Unlike the Soviet Union during the Cold War, the U.S. and Chinese economies are highly interdependent. While China has consistently run a large current account surplus with the United States (largely as a result of higher saving rates over domestic consumption between both nations), the U.S. currently enjoys a large capital account surplus with China. The importation of capital from China into the U.S. has provided enormous liquidity and a lower cost of capital for both consumers and businesses. This has resulted in a higher rate of gross domestic investment and economic growth. It is just politics to say current account surpluses are superior to capital account surpluses.

Complementing the large trade imbalance with China is an investment imbalance. China’s huge reserves leave many American leaders wary of China’s influence on the U.S. as a creditor, especially when the U.S.’s national debt poses an increasing threat to financial security and solvency. This insecurity is greatly overstated as China would incur great capital losses if it rapidly sold U.S.-denominated assets. Moreover, other countries would quickly absorb the sell-off as bond prices fell and yields to maturity rose. China has business contracts and financial investments across the globe, but the bulk of its money is held in U.S. dollar assets because the American market is the only one large enough to absorb China’s giant foreign currency reserves. The lack of investment choices and China’s overriding interest in security and return on investment severely limit any influence China’s debt holdings have on the U.S.—a situation exacerbated by the structural problems of the eurozone and attractiveness of the euro.

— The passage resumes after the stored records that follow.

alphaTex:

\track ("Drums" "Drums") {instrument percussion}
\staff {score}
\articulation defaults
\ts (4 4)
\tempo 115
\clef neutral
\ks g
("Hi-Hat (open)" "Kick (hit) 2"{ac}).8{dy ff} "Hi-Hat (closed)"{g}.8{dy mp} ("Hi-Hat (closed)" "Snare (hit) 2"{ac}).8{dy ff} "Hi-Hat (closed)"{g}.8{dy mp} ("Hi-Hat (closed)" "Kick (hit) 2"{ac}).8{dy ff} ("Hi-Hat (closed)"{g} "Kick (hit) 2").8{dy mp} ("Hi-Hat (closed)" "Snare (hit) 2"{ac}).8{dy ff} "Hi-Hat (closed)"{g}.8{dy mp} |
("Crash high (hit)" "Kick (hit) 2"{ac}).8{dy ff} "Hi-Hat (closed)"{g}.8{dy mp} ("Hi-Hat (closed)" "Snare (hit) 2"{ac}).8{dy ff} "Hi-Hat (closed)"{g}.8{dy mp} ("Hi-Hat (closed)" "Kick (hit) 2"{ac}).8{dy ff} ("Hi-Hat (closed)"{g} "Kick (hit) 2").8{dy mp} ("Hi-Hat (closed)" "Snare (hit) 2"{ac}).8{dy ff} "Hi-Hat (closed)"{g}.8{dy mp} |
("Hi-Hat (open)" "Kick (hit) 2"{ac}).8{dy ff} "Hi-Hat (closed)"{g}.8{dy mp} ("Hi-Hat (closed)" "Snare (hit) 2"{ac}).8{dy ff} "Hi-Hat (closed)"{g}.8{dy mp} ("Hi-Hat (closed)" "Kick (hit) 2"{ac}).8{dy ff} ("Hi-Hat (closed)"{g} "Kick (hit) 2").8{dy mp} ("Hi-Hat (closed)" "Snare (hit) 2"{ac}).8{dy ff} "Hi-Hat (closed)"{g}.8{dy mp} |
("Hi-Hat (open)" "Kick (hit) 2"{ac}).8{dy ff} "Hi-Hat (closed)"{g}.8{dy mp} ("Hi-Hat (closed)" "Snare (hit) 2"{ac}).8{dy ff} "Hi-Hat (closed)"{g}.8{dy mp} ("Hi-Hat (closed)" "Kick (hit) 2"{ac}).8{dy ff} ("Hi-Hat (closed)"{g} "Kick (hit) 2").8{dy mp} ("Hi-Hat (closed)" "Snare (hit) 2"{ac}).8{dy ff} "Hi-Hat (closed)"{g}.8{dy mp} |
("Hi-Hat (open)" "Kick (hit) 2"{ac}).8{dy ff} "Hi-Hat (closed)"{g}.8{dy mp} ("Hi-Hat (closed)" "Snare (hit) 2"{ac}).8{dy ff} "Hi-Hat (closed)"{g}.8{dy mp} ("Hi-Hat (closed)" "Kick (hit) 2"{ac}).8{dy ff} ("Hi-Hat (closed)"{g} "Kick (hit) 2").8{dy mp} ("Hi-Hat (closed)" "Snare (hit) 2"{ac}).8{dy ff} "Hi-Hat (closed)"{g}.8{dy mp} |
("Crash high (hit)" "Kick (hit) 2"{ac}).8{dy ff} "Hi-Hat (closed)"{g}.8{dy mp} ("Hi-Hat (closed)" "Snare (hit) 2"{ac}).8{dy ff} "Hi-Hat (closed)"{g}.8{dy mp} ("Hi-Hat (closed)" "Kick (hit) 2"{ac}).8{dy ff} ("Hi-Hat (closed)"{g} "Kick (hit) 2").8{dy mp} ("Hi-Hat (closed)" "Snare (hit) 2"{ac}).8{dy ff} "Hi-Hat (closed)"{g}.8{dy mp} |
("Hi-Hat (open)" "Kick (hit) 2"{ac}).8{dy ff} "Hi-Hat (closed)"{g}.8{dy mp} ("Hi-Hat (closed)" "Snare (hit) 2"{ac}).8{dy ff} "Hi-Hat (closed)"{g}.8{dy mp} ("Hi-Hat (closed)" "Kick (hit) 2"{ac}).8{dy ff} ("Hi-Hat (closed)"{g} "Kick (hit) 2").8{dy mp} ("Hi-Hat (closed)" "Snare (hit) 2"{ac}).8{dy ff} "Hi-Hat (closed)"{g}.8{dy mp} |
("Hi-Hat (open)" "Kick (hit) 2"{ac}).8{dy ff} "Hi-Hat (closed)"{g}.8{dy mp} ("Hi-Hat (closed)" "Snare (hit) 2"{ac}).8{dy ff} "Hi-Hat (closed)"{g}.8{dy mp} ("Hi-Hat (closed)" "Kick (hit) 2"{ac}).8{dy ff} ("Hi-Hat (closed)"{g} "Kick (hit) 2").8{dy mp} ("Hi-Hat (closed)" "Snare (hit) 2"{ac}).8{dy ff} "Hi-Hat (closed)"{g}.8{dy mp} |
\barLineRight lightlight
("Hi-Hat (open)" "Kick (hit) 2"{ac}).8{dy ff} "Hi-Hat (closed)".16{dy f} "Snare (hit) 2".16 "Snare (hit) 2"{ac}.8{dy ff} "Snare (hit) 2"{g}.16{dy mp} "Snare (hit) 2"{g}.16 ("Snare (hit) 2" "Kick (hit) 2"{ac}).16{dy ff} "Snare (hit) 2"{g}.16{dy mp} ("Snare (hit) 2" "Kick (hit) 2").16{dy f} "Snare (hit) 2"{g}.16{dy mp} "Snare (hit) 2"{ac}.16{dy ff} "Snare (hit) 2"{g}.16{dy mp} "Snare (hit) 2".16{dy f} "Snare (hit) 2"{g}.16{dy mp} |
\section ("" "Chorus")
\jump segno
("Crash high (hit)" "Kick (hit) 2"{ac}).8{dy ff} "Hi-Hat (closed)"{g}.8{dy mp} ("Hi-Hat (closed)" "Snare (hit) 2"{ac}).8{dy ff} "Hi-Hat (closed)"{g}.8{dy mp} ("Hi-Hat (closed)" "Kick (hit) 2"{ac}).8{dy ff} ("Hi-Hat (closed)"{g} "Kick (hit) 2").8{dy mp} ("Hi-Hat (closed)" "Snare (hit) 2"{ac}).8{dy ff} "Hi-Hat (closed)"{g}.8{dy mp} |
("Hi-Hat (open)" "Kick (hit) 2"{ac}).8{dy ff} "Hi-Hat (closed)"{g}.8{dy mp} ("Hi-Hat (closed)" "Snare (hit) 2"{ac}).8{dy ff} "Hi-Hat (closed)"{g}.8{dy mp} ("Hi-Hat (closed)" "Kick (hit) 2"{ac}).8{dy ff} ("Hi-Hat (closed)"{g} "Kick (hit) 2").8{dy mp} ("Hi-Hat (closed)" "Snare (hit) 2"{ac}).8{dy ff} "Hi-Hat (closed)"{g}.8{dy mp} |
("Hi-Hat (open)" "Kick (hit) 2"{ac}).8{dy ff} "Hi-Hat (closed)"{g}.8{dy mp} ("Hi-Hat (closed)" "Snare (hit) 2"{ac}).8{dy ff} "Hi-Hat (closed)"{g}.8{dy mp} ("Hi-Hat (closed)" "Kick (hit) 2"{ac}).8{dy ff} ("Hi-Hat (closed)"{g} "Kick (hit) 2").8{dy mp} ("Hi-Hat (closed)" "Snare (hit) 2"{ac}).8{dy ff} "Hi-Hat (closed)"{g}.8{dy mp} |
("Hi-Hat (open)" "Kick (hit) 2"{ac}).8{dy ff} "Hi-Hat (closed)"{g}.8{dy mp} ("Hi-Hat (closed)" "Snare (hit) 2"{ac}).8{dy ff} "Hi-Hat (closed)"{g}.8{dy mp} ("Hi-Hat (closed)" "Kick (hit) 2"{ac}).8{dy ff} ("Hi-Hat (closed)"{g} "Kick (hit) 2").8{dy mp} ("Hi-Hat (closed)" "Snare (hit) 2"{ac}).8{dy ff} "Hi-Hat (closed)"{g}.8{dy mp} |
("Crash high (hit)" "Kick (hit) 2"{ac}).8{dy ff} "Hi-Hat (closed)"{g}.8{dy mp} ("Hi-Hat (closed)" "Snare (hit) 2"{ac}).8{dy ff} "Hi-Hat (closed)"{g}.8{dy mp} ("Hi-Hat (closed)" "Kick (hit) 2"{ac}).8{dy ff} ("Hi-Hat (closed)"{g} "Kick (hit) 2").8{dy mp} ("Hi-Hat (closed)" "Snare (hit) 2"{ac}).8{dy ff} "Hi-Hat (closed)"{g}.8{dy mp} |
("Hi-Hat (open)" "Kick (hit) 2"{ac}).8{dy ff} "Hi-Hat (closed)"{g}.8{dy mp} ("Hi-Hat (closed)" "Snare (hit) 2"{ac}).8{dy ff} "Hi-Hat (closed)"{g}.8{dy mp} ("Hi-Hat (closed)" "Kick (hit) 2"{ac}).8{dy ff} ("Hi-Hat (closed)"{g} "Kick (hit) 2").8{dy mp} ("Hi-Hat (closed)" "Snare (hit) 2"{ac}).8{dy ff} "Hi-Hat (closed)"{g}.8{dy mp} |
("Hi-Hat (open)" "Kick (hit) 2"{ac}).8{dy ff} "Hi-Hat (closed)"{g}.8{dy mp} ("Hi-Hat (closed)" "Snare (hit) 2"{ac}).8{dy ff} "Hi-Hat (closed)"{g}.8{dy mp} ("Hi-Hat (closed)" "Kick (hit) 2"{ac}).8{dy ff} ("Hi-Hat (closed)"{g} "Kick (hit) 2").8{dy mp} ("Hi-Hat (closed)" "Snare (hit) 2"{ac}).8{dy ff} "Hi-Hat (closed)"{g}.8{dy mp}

China remains a growing economic powerhouse, but serious structural, economic, and even political issues hamper its further development and potential for economic leadership. These weaknesses have been exacerbated in important ways by renewed state intervention in the economy beginning around 2004. For example, reliance on state-directed investment has led to a profound economic imbalance and could threaten future growth. Frantic spending in response to the global recession has led to huge amounts of waste, corruption, debt, and distorted resource allocation. According to McKinsey research, Chinese aggregate debt (household, corporate, and government) has risen fourfold from 2008 through the end of 2014. Economic growth, as strong as 10 percent as recently as three years ago, has dropped to an estimated rate of just 5 percent (below the official estimate of 7 percent). It remains to be seen whether the new Chinese leadership is prepared to revive economic reform to reignite real, long-term growth or whether it will continue to rely on economic stimulus packages.

Critics claim that the cost of increasingly close economic ties between the U.S. and China has been the loss of American jobs. China’s exchange rate policies in particular are said to be harmful. China’s exchange rate has been appreciating, and its currency policy is not to blame for lost American jobs. The U.S. should not abandon its free-market approach to China and retreat into protectionism. For the government to interfere with purchases, sales, and other economic decisions made voluntarily by American consumers and American companies can only hurt our economy. It would also be a clear abandonment of America’s global leadership.

Although China has permitted more individual economic freedom over the past three decades, it is still a one-party authoritarian regime governed by the Communist Party. The party continues ruthlessly to suppress any group, and even lone individuals, who might threaten its monopoly on power. The government is struggling to manage environmental degradation and demographic instability, including the world’s largest migration from rural to urban areas, all of which contributes to social unrest. The one-party bureaucratic system, which answers to no outside authority, breeds corruption and leads to much administrative waste within the political system.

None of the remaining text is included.